Dreadzone are still in the groove

They were contemporaries of UK acid-house era acts Leftfield, The Orb and Massive Attack, but Dreadzone’s roots reach back to Mick Jones’s urban groove-oriented post-Clash act, Big Audio Dynamite.

Dreadzone are still in the groove

Greg Roberts auditioned to become B.A.D’s first drummer in 1984, and when that dissolved in 1990, he took more than keyboardist Dan Donovan, bassis, Leo Williams and sounds-effects operator Don Letts with him. He also took technical expertise, which he employed to great success in Dreadzone. “It was a brilliant learning curve,” he says. “A great band to work with. Joining B.A.D, I got given a drum machine and I learned how to use a sampler and a sequencer, so by the time I’d left B.A.D I was able to write something completely new, with no real restrictions.”

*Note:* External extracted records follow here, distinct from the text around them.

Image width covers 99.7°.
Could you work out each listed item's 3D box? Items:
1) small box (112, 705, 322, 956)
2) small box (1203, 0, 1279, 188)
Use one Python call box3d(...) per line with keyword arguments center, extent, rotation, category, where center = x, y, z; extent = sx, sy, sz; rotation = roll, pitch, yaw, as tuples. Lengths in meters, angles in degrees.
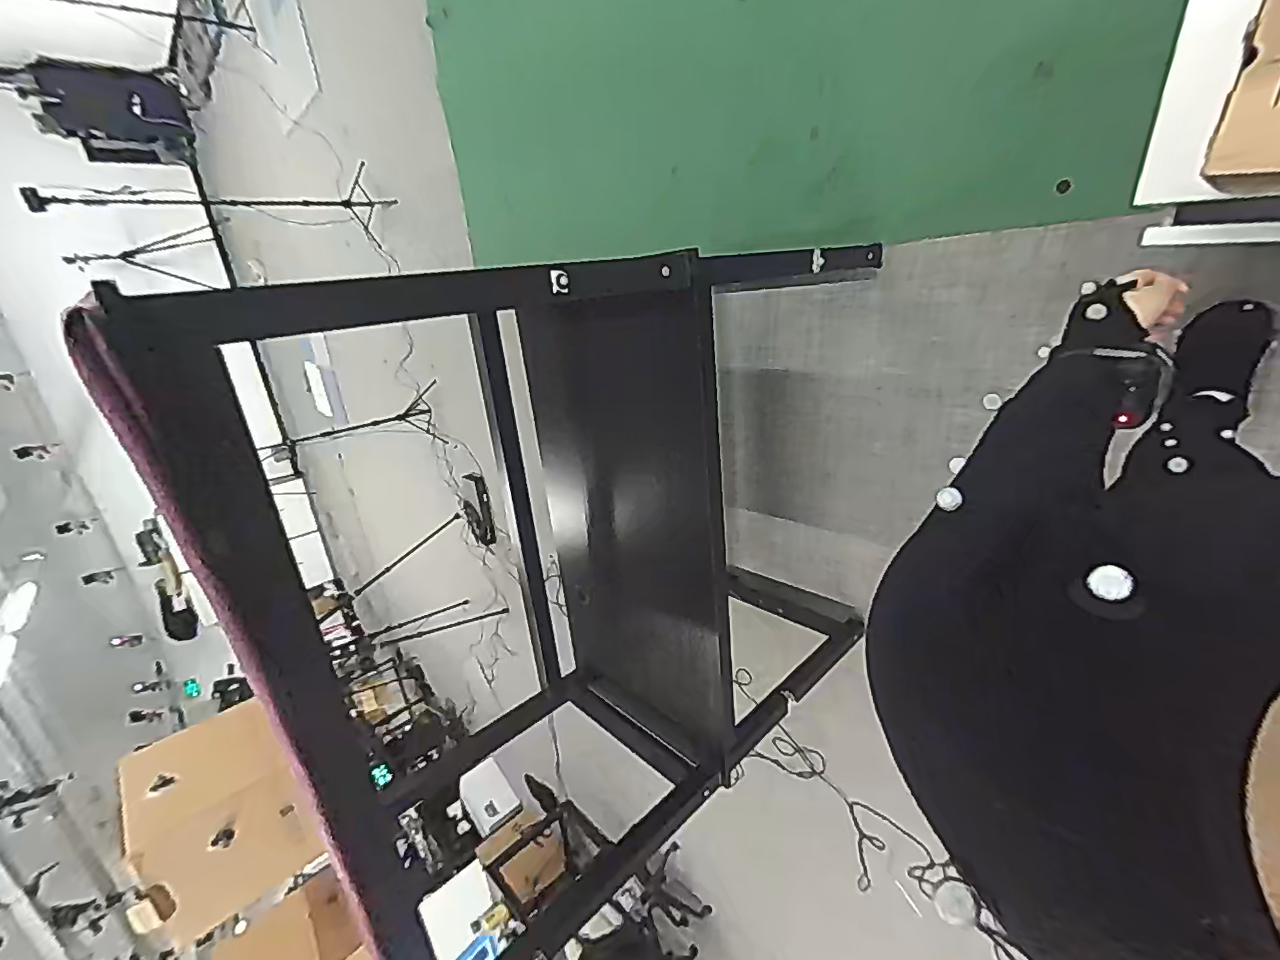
box3d(center=(-0.534, 0.429, 0.697), extent=(0.179, 0.176, 0.168), rotation=(19, 120, 45), category="small box")
box3d(center=(0.585, -0.324, 0.411), extent=(0.179, 0.176, 0.168), rotation=(22, 122, 41), category="small box")
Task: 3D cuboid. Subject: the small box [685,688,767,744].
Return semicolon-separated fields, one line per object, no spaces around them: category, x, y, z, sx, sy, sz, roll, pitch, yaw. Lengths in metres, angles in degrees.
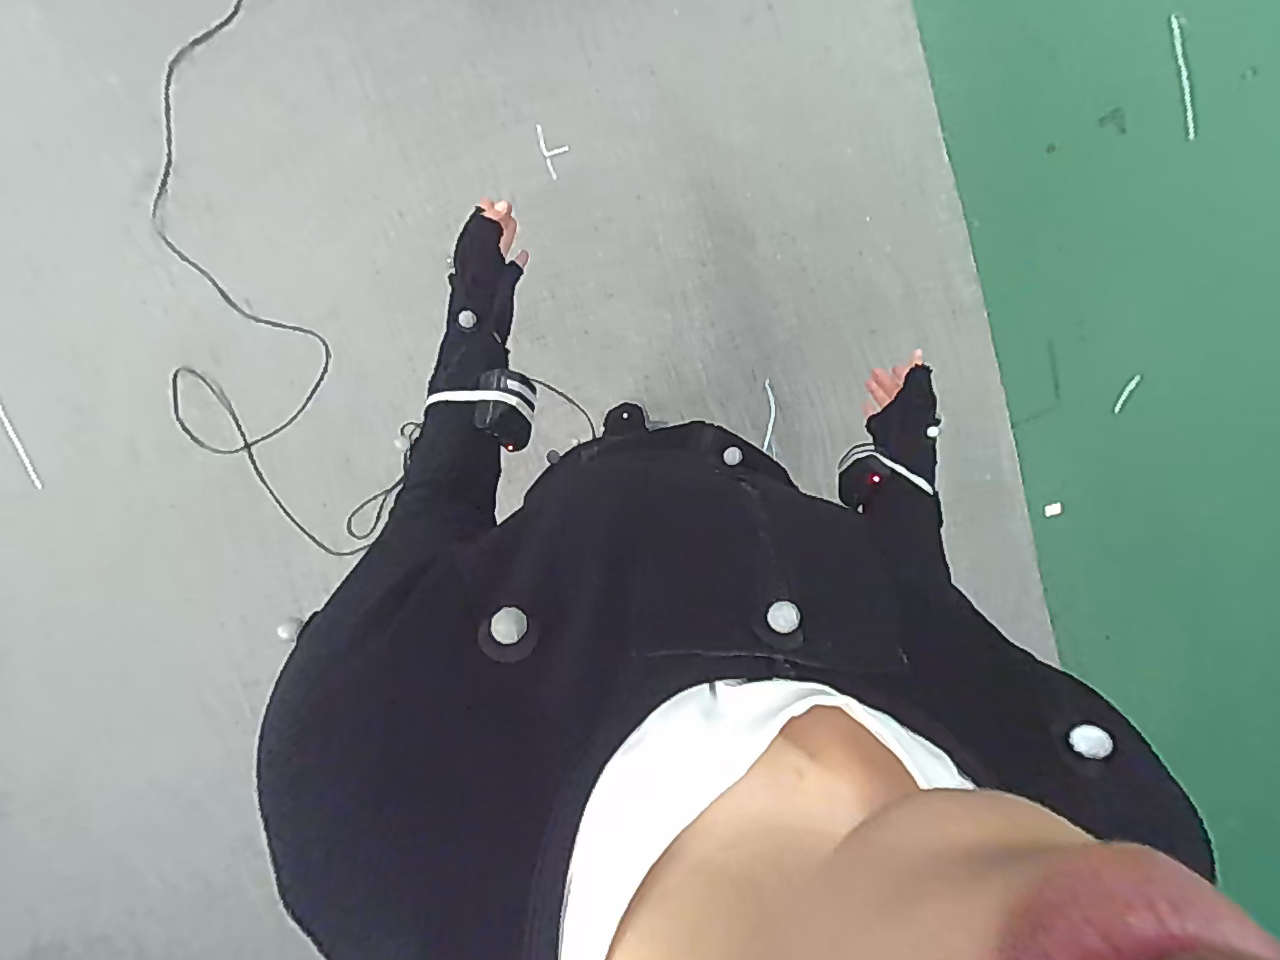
small box;0.213;0.608;1.250;0.168;0.176;0.179;-20;98;-2

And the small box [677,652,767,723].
small box;0.212;0.580;1.430;0.168;0.176;0.179;-24;99;-2
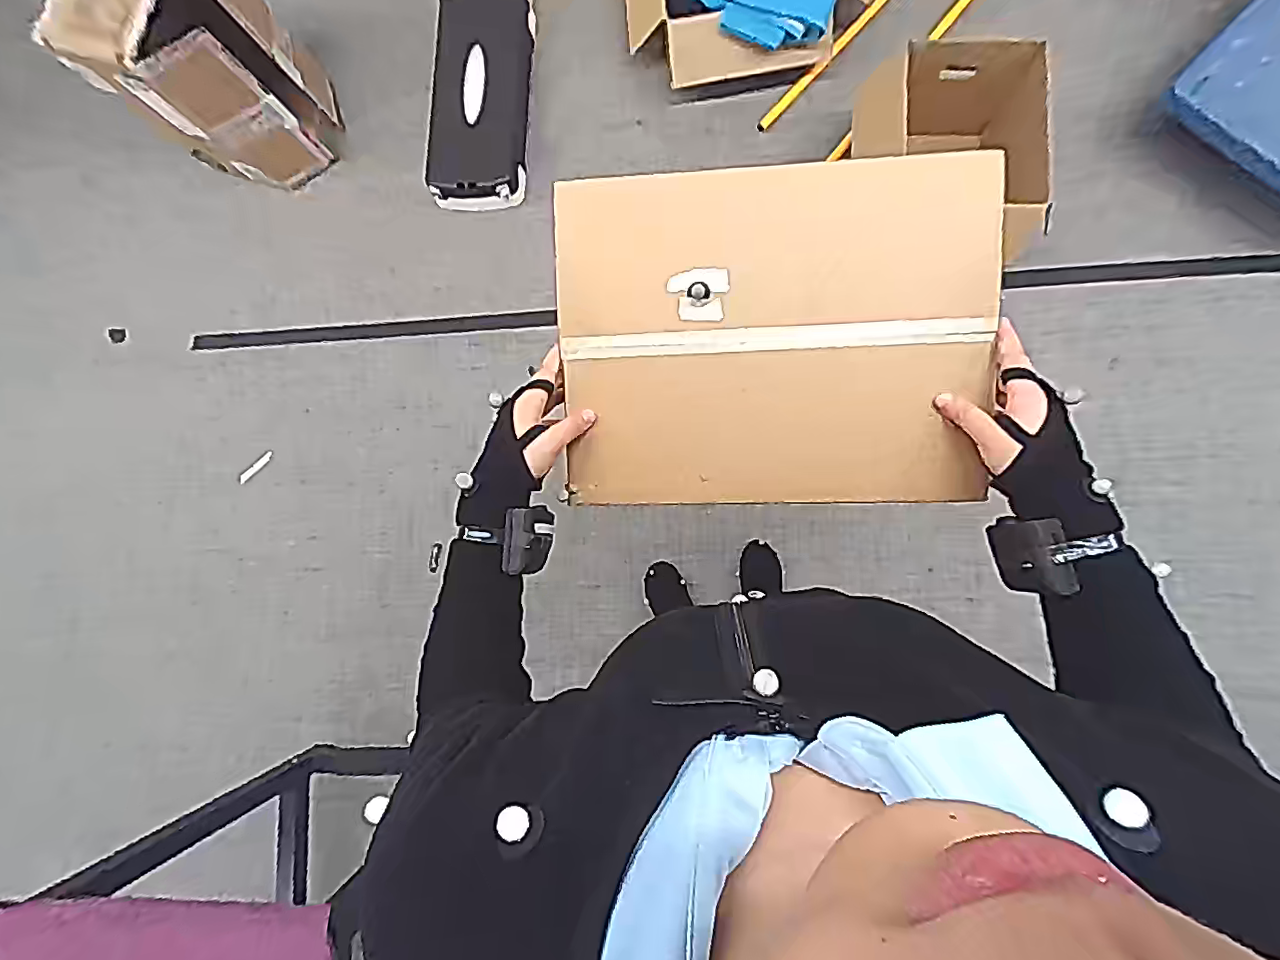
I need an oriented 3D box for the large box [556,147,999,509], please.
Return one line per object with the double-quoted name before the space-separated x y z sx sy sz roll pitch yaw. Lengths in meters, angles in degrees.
"large box" 0.142 -0.147 0.654 0.408 0.320 0.320 -2 95 7
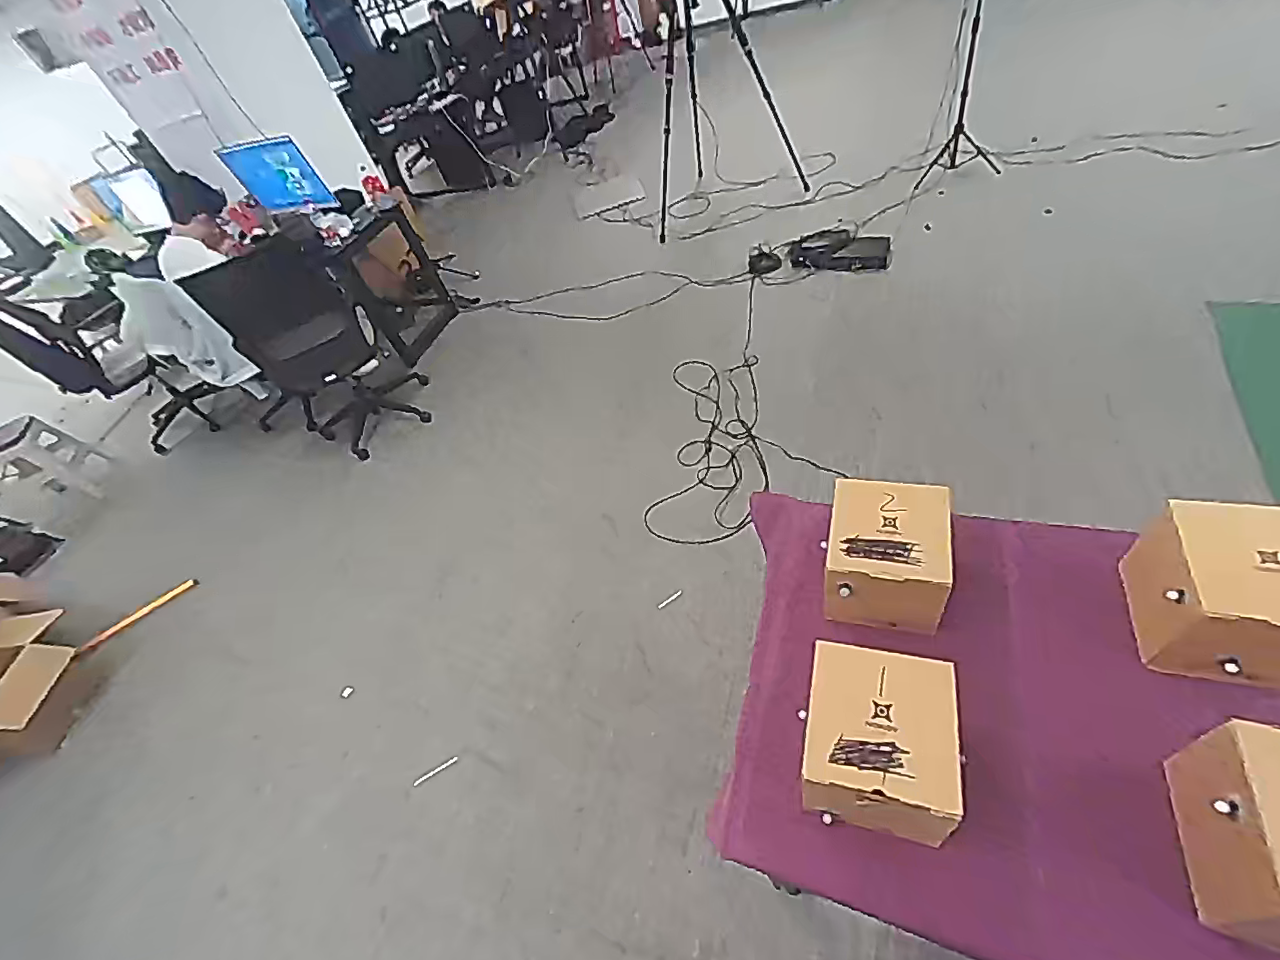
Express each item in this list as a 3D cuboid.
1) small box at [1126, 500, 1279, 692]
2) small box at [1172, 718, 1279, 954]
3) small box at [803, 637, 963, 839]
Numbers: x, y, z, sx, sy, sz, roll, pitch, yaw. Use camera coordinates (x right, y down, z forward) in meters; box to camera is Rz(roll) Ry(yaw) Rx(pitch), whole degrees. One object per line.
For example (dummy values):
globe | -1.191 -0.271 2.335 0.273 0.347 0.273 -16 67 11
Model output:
small box | 0.789 0.152 0.714 0.168 0.176 0.179 5 53 22
small box | 0.690 0.375 0.544 0.168 0.176 0.179 7 51 24
small box | 0.308 0.334 0.700 0.168 0.176 0.179 5 50 21

His first post-B.A.D vehicle was Screaming Target, with Letts and Williams. But it was with Dreadzone, which he formed in 1991 with keyboard player and programmer Tim Bran, that Roberts wrote the layered, up-tempo music that assimilated dub, reggae and techno influences with a progressive house sensibility. He ingeniously sampled movie dialogue and had a magpie approach to borrowing from other musical genres. Donovan and Williams were also on board.